Il problema è però la fiducia. Perché, fortunatamente non siamo tutti uguali, e affinché il gioco tra le persone funzioni, è necessaria tanta, spassionata, incondizionata fiducia.
Serve tanta buona volontà, e nutrire tanto amore per le persone. Non è giusto considerare i nostri simili come esseri randagi e maleducati di default.
Io ci provo a sostituire la condanna preventiva, alla fiducia e al perdono preventivi. Una volta tamponai leggermente un idiota irascibile, la sua macchina era intatta, la mia anche, ma stavamo arrivando alle mani.
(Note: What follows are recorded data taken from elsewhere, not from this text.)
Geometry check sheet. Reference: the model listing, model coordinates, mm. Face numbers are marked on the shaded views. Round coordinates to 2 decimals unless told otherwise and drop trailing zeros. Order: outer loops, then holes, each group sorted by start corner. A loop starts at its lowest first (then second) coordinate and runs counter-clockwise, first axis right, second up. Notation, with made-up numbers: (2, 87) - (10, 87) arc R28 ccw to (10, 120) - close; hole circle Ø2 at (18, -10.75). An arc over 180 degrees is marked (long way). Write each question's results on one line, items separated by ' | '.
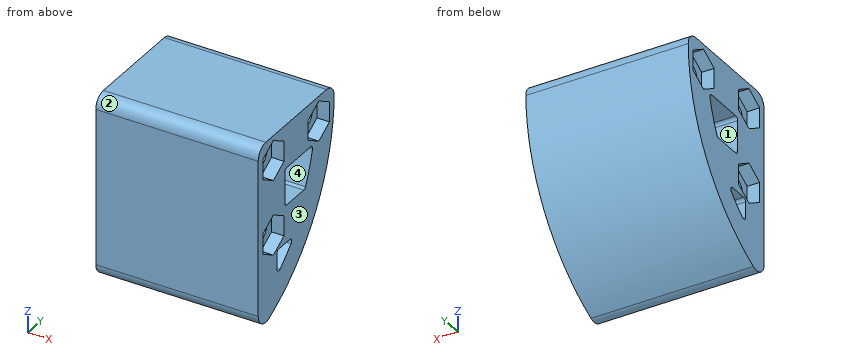
```python
from build123d import *

# Parameters (mm, degrees)
SKETCH1_R           = 1.5
BOSS_EXTRUDE1_DEPTH = 26
CUT_EXTRUDE1_DEPTH  = 2
CUT_EXTRUDE2_START  = 26
CUT_EXTRUDE2_DEPTH  = 2


with BuildPart() as part:
    # Sketch1 → Boss-Extrude1 (new body)
    with BuildSketch(Plane(origin=(0, 0, 0), x_dir=(0, 0, -1), z_dir=(1, 0, 0))):
        with BuildLine():
            Line((-4, 14.045215535), (-4, -2))
            ThreePointArc((-4, -2), (-3.414213562, -3.414213562), (-2, -4))
            Line((-2, -4), (23, -4))
            ThreePointArc((23, -4), (24.68931411, -3.070615635), (24.808606098, -1.146217837))
            ThreePointArc((24.808606098, -1.146217837), (13.883506503, 11.294438637), (-1.977108188, 16.045084522))
            ThreePointArc((-1.977108188, 16.045084522), (-3.406096792, 15.467499547), (-4, 14.045215535))
        make_face()
        Circle(SKETCH1_R, mode=Mode.SUBTRACT)
        with Locations((0, 12)):
            Circle(SKETCH1_R, mode=Mode.SUBTRACT)
        with Locations((12, 0)):
            Circle(SKETCH1_R, mode=Mode.SUBTRACT)
        with BuildLine():
            Line((3, 9.845620053), (3, 3.5))
            ThreePointArc((3, 3.5), (3.146446609, 3.146446609), (3.5, 3))
            Line((3.5, 3), (8.5, 3))
            ThreePointArc((8.5, 3), (8.853553391, 3.146446609), (9, 3.5))
            Line((9, 3.5), (9, 8.028111937))
            ThreePointArc((9, 8.028111937), (8.92450743, 8.292296422), (8.720826232, 8.476705043))
            ThreePointArc((8.720826232, 8.476705043), (6.220295037, 9.542901904), (3.618785416, 10.331305162))
            ThreePointArc((3.618785416, 10.331305162), (3.191287114, 10.238934627), (3, 9.845620053))
        make_face(mode=Mode.SUBTRACT)
        with BuildLine():
            Line((15, 4.286575508), (15, 1.427805862))
            ThreePointArc((15, 1.427805862), (15.146446609, 1.074252472), (15.5, 0.927805862))
            Line((15.5, 0.927805862), (18.01869702, 0.927805862))
            ThreePointArc((18.01869702, 0.927805862), (18.466352985, 1.205086001), (18.417504517, 1.729389316))
            ThreePointArc((18.417504517, 1.729389316), (17.187978253, 3.234831626), (15.849421282, 4.644213269))
            ThreePointArc((15.849421282, 4.644213269), (15.305977631, 4.747395777), (15, 4.286575508))
        make_face(mode=Mode.SUBTRACT)
    extrude(amount=BOSS_EXTRUDE1_DEPTH)

    # Sketch2 → Cut-Extrude1 (cut)
    with BuildSketch(Plane(origin=(0, 0, 0), x_dir=(0, 0, -1), z_dir=(1, 0, 0))):
        Polygon((-1.616580754, 9.2), (1.616580754, 9.2), (3.233161507, 12), (1.616580754, 14.8), (-1.616580754, 14.8), (-3.233161507, 12), align=None)
        Polygon((1.616580754, 2.8), (-1.616580754, 2.8), (-3.233161507, 0), (-1.616580754, -2.8), (1.616580754, -2.8), (3.233161507, 0), align=None)
        Polygon((15.233161507, 0), (13.616580754, 2.8), (10.383419246, 2.8), (8.766838493, 0), (10.383419246, -2.8), (13.616580754, -2.8), align=None)
    extrude(amount=CUT_EXTRUDE1_DEPTH, mode=Mode.SUBTRACT)

    # Sketch2<3> → Cut-Extrude2 (cut)
    with BuildSketch(Plane(origin=(0, 0, 0), x_dir=(0, 0, -1), z_dir=(1, 0, 0)).offset(CUT_EXTRUDE2_START)):
        Polygon((-1.616580754, 9.2), (1.616580754, 9.2), (3.233161507, 12), (1.616580754, 14.8), (-1.616580754, 14.8), (-3.233161507, 12), align=None)
        Polygon((1.616580754, 2.8), (-1.616580754, 2.8), (-3.233161507, 0), (-1.616580754, -2.8), (1.616580754, -2.8), (3.233161507, 0), align=None)
        Polygon((15.233161507, 0), (13.616580754, 2.8), (10.383419246, 2.8), (8.766838493, 0), (10.383419246, -2.8), (13.616580754, -2.8), align=None)
    extrude(amount=-CUT_EXTRUDE2_DEPTH, mode=Mode.SUBTRACT)


solid = part.part
```
(1) Section check A-A (y = 6). Record the cut outline in (x, z), then the cut area to 3 significant figures.
Answers follow:
outline: (0, -20.08) - (26, -20.08) - (26, -9) - (0, -9) - close; (0, -3) - (26, -3) - (26, 4) - (0, 4) - close | area: 470 mm²
(2) Material ranges on line 1 (Z direction, x = 16.25, y = 6); line 2 (Z direction, x = 13.25, y = 12.75); line 3 (Z direction, x = 16, y = 0), recorded low to high.
Answers follow:
line 1: -20.08 to -9, -3 to 4 | line 2: -11.35 to -1.3, 1.3 to 4 | line 3: -24.24 to -13.5, -10.5 to -1.5, 1.5 to 4
(3) Section check D-D (y = 0.5). Record the cut outline in (x, z).
Answers follow:
outline: (0, -23.97) - (26, -23.97) - (26, -14.94) - (24, -14.94) - (24, -13.41) - (2, -13.41) - (2, -14.94) - (0, -14.94) - close; (0, -9.06) - (2, -9.06) - (2, -10.59) - (24, -10.59) - (24, -9.06) - (26, -9.06) - (26, -2.94) - (24, -2.94) - (24, -1.41) - (2, -1.41) - (2, -2.94) - (0, -2.94) - close; (0, 2.94) - (2, 2.94) - (2, 1.41) - (24, 1.41) - (24, 2.94) - (26, 2.94) - (26, 4) - (0, 4) - close
(4) Draft check along Y on the marked faces 1, 2, 3 and 4. Enter one of: released by +Y, released by -Y, zero draft, split by the parting line, or undercut.
Answers follow:
face 1: undercut | face 2: released by -Y | face 3: zero draft | face 4: undercut
(5) Section check C-C (x = 6.75). Record the cut outline in (y, z), then the cut area to 3 significant figures.
Answers follow:
outline: (-4, -23) arc R2 ccw to (-1.15, -24.81) arc R30 ccw to (16.05, 1.98) arc R2 ccw to (14.05, 4) - (-2, 4) arc R2 ccw to (-4, 2) - close; hole circle Ø3 at (0, -12); hole circle Ø3 at (0, 0); hole (0.93, -18.02) arc R0.5 ccw to (1.73, -18.42) arc R26 ccw to (4.64, -15.85) arc R0.5 ccw to (4.29, -15) - (1.43, -15) arc R0.5 ccw to (0.93, -15.5) - close; hole (3, -8.5) arc R0.5 ccw to (3.5, -9) - (8.03, -9) arc R0.5 ccw to (8.48, -8.72) arc R25 ccw to (10.33, -3.62) arc R0.5 ccw to (9.85, -3) - (3.5, -3) arc R0.5 ccw to (3, -3.5) - close; hole circle Ø3 at (12, 0) | area: 374 mm²
(6) Depth check by flat-ended pin: pin 1 Ø5 at (x, y) = (16, 1.5) entering from -Z; pin 2 Ø1 at (x, z) = (25, -12.5) entering from +Y; pin 3 Ø4 at (x, z) = (15.5, -15.5) entering from +Y. Enter the tip coordinate at first touch or a pass-through.
Answers follow:
pin 1: z = -24.74 | pin 2: y = 12.41 | pin 3: y = 11.54
(7) Section check B-B (z = -12). Record the cut outline in (x, y).
Answers follow:
outline: (0, -4) - (26, -4) - (26, -2.8) - (24, -2.8) - (24, -1.5) - (2, -1.5) - (2, -2.8) - (0, -2.8) - close; (0, 2.8) - (2, 2.8) - (2, 1.5) - (24, 1.5) - (24, 2.8) - (26, 2.8) - (26, 12.41) - (0, 12.41) - close
Build history of the part. All positions in model axes, mm. Give positions to 0.01 mm unless a question says otherwise; leave off trailing zeros. Order: outer loops, then holes, each group sorted by start corner. A loop starts at its lowest first (then second) coordinate and runs counter-clockwise, first axis right, second up. Notation, with made-up numbers: (54.5, 6) - (73.5, 6) arc R25 ccw to (73.5, 35) - close; hole circle Ø2 at (31.5, 83). An arc over 180 degrees is marked (long way). Use a Markdown table: item, result.
from build123d import *

# Parameters (mm, degrees)
BASE_FLANGE1_DEPTH = 1
FILLET1_R          = 3
SKETCH2_R          = 3
CUT_EXTRUDE1_DEPTH = 10


# Sheet-metal steps are written as plain solids
with BuildPart() as part:
    # Sketch1 → Base-Flange1 (new body)
    with BuildSketch(Plane.XY):
        Polygon((0, 0), (0, 237.736706628), (412, 475.605017534), (412, 580.417185402), (-91, 290.01), (-91, 0), align=None)
    extrude(amount=-BASE_FLANGE1_DEPTH)

    # Fillet1
    fillet1_edges = [part.edges().sort_by_distance(p)[0] for p in [
        (-91, 0, -0.5),
        (-91, 290.01, -0.5),
        (412, 580.417185402, -0.5),
        (412, 475.605017534, -0.5),
        (0, 237.736706628, -0.5),
        (0, 0, -0.5),
    ]]
    fillet(fillet1_edges, radius=FILLET1_R)

    # Sketch2 → Cut-Extrude1 (cut)
    with BuildSketch(Plane(origin=(0, 0, -1), x_dir=(-1, 0, 0), z_dir=(0, 0, -1))):
        with Locations((-382, 556.168474096)):
            Circle(SKETCH2_R)
        with Locations((-240.404846481, 474.418474096)):
            Circle(SKETCH2_R)
        with Locations((-98.809692962, 392.668474096)):
            Circle(SKETCH2_R)
        with Locations((42.785460556, 310.918474096)):
            Circle(SKETCH2_R)
        with Locations((-382, 465.212712688)):
            Circle(SKETCH2_R)
        with Locations((-267.6846467, 399.212712688)):
            Circle(SKETCH2_R)
        with Locations((-153.369293401, 333.212712688)):
            Circle(SKETCH2_R)
        with Locations((-39.053940101, 267.212712688)):
            Circle(SKETCH2_R)
        with Locations((85, 30)):
            Circle(SKETCH2_R)
        with Locations((6, 40)):
            Circle(SKETCH2_R)
        with Locations((85, 140)):
            Circle(SKETCH2_R)
        with Locations((85, 250)):
            Circle(SKETCH2_R)
        with Locations((6, 205)):
            Circle(SKETCH2_R)
    extrude(amount=-CUT_EXTRUDE1_DEPTH, mode=Mode.SUBTRACT)


solid = part.part
1) Wall check: line 1 (Y direction, x = -6, z = -0.3); line 2 (X direction, y = 140, z = -0.45); line 3 (Y direction, x = 382, z = -0.4). Give the ranges that are in metal, low to high. Write a range as from..to.
Computed:
| item | result |
|---|---|
| line 1 | y = 0..37, 43..202, 208..339.08 |
| line 2 | x = -91..-88, -82..0 |
| line 3 | y = 458.28..462.21, 468.21..553.17, 559.17..563.1 |
2) Slice it at B-B (x = -15.5). Write the cut outline in (y, z).
Computed:
| item | result |
|---|---|
| outline | (0, -1) - (333.6, -1) - (333.6, 0) - (0, 0) - close |
3) Slice it at A-A (z = -0.6). State how many separate pieces and enclosed holes the cut face has, and give its area (3 significant figures).
Computed:
| item | result |
|---|---|
| separate pieces | 1 |
| enclosed holes | 13 |
| area | 71,600 mm² |
4) Slice it at C-C (y = 543). Write the cut outline in (x, z), and give its area (3 significant figures).
Computed:
| item | result |
|---|---|
| outline | (347.19, -1) - (412, -1) - (412, 0) - (347.19, 0) - close |
| area | 64.8 mm² |
5) Pin check, flat tips, straight feed: P1, Ø9.5, axis at x = 153.37, y = 333.21, coming from the -Z side; P2, Ø0.5, axis at y = 168, z = -0.5, coming from the +X side. Stop position of each tip, or through.
Computed:
| item | result |
|---|---|
| P1 | stops at z = -1 |
| P2 | stops at x = 0 |

Dopo quell'episodio pensai che se qualcuno mi fosse mai venuto a tamponare mi sarei comportato in maniera estremamente cortese e garbata. Lo avrei sì fatto sentire una piccola cacchina, ma lo avrei fatto con gentilezza, e sorridendo. Come dire: "Ti stronco, ma ti voglio bene, lurido pezzo di merda".
E dopo qualche giorno non mancò l'occasione.
Perché io ed una tizia avevamo da poco parcheggiato, e prima di uscire mi accorgo che una macchinina dinanzi alla mia s'affaticava per parcheggiare, esibendo manovre inconsulte da pisciarsi addosso per l'inettitudine.
Intimo a chi mi è accanto di pazientare perchè mi sorge un presentimento.
Perché dopo essere riuscita ad infilare la macchina nello spazio, la donna al volante (non poteva essere altrimenti), comincia una pericolosa retromarcia anticipata da un'anomala sgassata. Con molto rumore e poco slancio, mi viene addosso.
Crash
, e l'impatto previsto si verifica.

Tre secondi di ibernazione mentale per confermare a me stesso che devo essere cortese, gentile, affabile, sinceramente rassicurante, e far valere i miei diritti con magnanimità.
Sorrido alla donna agitata e in preda ad un ingiustificato panico. La rassicuro e le chiedo se sta bene (ma che cazzo chiedo? Mica è finita sotto un TIR! Al massimo si sarà spezzata un'unghia... che idiota).
Una rapida occhiata alla
mia macchina: sembra intatta, nessun danno, nessun graffio, sembra apposto. Anche la sua macchina, signora, sembra integra. Non si preoccupi, stia tranquilla, va tutto bene, le auguro una buona serata, arrivederci.
Che gentiluomo...

Con l'aria soddisfatta di chi ha fatto un passo in avanti verso la redenzione, mi accinsi a trascorrere una serata gaia, da persona normale, in armonia col mondo ed i suoi abitanti che cominciavano a non farmi più così tanta pena.
Durante le fasi del rientro, tuttavia, sentivo strani rumori provenire dall'avantreno della mia fiat tempra... e che sarà mai? Proseguii. Ad un certo punto sentii un decrepitare di frantumi di origine ignota. Mi fermai, scesi dalla macchina e... Eureka!!!
Entrambi i fari erano in frantumi. L'innocuo impatto m'aveva distrutto i fari della macchina, e per concentrarmi a fare il galantuomo del cazzo non me accorsi nemmeno...

- E adesso che fai?

- E che cazzo vuoi che faccia? Porca puttana...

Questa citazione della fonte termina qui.